PUBLIC CENSURE ANNOUNCEMENT
in respect of Dah Hwa International (Holdings) Limited (the "Company")
and
Madam Lee Shiao Yu Cho (ex-executive director)
Mr Lee Sam Yuen, John (executive director)
Mr Stephen William Callister (executive director)
(together the "Directors")


The Stock Exchange of Hong Kong Limited (the "Exchange") hereby publicly censures the Company and each of the above-mentioned Directors for breaches of the Rules Governing the Listing of Securities on The Stock Exchange of Hong Kong Limited (the "Exchange Listing Rules"), the Listing Agreement and the Undertaking with regard to Directors given by the above-mentioned Directors to the Exchange in the form set out in Appendix 5B of the Exchange Listing Rules.

On 20 March 2003, the Listing Committee of the Exchange (the "Listing Committee") considered the Company's breaches of the Exchange Listing Rules and the Listing Agreement in relation to the connected transaction identified below which the Company and its subsidiaries (collectively referred to as the "Group") entered into between the period of 4 April 2000 to 31 March 2001.

By its announcement dated 24 January 2002 (the "Announcement"), the Company provided details of its breaches of Rule 14.26(6) of the Exchange Listing Rules and Paragraph 3.2.1 of Practice Note 19 to the Exchange Listing Rules in connection with the connected transaction mentioned below.

THE CONNECTED TRANSACTION

The Group made interest free advances of an aggregate amount of approximately HK$49,333,381, representing approximately 32.15% of the Group's net assets value of HK$153,446,203 as at 31 March 2001, to D.H. International Limited (the "Advances"), the Company's controlling shareholder.

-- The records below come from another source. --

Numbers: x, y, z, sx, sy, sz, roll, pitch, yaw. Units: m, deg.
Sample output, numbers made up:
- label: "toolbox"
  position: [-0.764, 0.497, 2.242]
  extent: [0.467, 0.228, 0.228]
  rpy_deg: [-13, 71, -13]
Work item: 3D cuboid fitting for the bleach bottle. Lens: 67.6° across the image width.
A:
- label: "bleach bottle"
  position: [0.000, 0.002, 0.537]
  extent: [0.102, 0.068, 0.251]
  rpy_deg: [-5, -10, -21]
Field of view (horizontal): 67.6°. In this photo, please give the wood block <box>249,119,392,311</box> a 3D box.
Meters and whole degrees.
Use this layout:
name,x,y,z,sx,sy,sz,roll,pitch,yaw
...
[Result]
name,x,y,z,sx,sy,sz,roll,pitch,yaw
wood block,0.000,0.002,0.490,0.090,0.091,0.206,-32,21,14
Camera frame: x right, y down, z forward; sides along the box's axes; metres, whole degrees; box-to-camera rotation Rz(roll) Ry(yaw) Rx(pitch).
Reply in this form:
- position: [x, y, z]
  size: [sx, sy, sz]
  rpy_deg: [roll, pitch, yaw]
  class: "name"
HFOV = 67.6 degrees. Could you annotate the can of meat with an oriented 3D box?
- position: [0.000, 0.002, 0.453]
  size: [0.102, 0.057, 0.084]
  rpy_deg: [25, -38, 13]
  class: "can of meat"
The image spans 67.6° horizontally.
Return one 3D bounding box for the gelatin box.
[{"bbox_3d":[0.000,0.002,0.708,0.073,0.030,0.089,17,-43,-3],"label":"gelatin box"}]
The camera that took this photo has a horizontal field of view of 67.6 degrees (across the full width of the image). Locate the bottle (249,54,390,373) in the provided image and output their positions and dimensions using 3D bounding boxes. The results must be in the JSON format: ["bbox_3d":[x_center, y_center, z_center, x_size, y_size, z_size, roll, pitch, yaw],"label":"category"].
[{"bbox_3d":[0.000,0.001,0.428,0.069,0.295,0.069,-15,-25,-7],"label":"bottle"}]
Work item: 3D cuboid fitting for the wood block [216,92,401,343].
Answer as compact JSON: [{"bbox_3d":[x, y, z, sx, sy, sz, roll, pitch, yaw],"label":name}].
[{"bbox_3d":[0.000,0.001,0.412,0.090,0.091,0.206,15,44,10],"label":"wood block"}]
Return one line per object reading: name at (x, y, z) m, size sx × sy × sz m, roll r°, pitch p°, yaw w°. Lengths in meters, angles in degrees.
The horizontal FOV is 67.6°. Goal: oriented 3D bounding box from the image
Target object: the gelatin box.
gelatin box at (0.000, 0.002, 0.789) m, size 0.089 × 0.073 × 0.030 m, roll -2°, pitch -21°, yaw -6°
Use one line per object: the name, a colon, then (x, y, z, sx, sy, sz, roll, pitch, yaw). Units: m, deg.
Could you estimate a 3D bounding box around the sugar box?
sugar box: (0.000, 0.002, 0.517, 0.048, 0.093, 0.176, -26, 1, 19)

The Company at the time of the Advances did not make disclosure by way of an announcement nor did it obtain prior independent shareholders' approval.

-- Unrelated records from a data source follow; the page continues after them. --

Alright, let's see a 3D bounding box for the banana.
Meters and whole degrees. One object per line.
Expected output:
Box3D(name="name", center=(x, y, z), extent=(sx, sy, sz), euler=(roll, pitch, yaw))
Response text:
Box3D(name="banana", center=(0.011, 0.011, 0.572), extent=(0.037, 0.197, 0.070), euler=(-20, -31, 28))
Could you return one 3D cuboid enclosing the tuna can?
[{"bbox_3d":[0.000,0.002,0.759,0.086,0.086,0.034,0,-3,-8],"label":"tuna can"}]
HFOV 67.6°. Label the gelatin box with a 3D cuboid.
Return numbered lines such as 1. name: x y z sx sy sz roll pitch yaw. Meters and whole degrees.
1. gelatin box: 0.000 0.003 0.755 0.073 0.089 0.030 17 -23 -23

The Listing Committee is satisfied that the Company has breached Rule 14.26(6) of the Exchange Listing Rules and Paragraph 3.2.1 of Practice Note 19 to the Exchange Listing Rules.

The Listing Committee has also found that the Company failed to keep the Exchange and the Company's shareholders informed of the above matter as soon as reasonably practicable upon the making of the Advances. Therefore, the Company was also in breach of Paragraph 2 of the Listing Agreement.

Further, the Listing Committee also found that, by virtue of the breaches of the Exchange Listing Rules and the Listing Agreement by the Company, each of the Directors was in breach of his Undertaking, whereby each of them undertook to use his or her best endeavours to procure that the Company would comply with the Exchange Listing Rules from time to time in force.

Accordingly,

  1. the Company is publicly censured by the Listing Committee for

    1. its breach of Rule 14.26(6) of the Exchange Listing Rules;
    2. its breach of Paragraph 3.2.1 of Practice Note 19 to the Exchange Listing Rules in respect of the Advances; and
    3. its breach of Paragraph 2 of the Listing Agreement.

  2. the above-mentioned Directors are hereby publicly censured by the Listing Committee for breaches of their Undertakings in respect of the Company's breaches of Rule 14.26(6) of the Exchange Listing Rules, Paragraph 3.2.1 of Practice Note 19 to the Exchange Listing Rules and Paragraph 2 of the Listing Agreement as set out in 1 above.

For the avoidance of doubt, the Exchange confirms that in relation to this matter it is not publicly censuring any other past or present directors of the Company save for those mentioned herein.